WHAT YOU SHOULD DO — Below are records to reproduce in full; copy them exactly but keep the pictures out.

(Stored data entries)

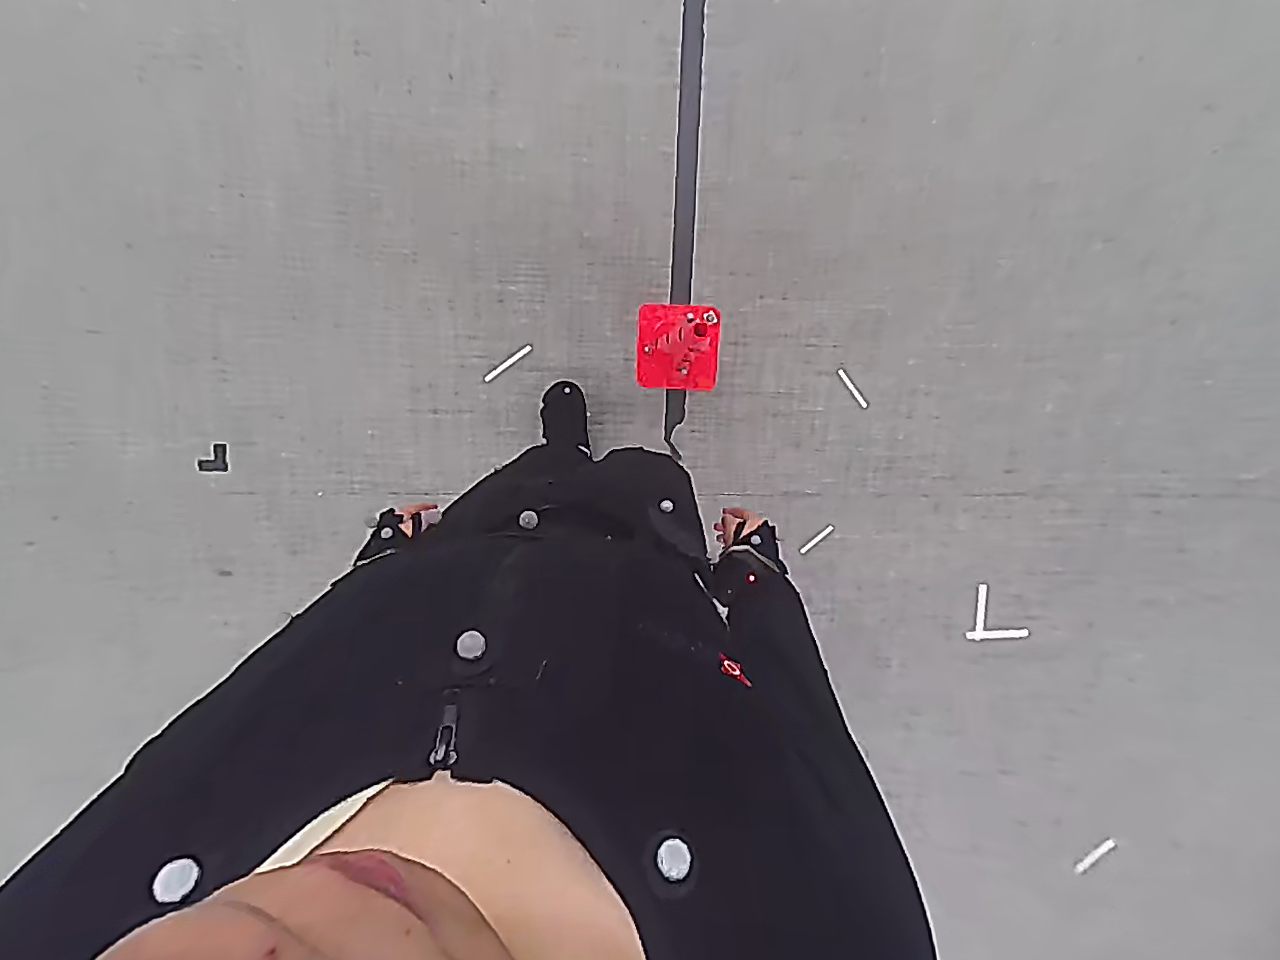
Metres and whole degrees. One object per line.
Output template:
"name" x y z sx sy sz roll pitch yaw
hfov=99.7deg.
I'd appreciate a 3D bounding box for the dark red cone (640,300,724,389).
"dark red cone" 0.103 -0.294 1.125 0.201 0.394 0.202 1 99 -2

OUTPUT OF THE EXERCISE —
Metres and whole degrees. One object per line.
Output template:
"name" x y z sx sy sz roll pitch yaw
hfov=99.7deg.
I'd appreciate a 3D bounding box for the dark red cone (640,300,724,389).
"dark red cone" 0.103 -0.294 1.125 0.201 0.394 0.202 1 99 -2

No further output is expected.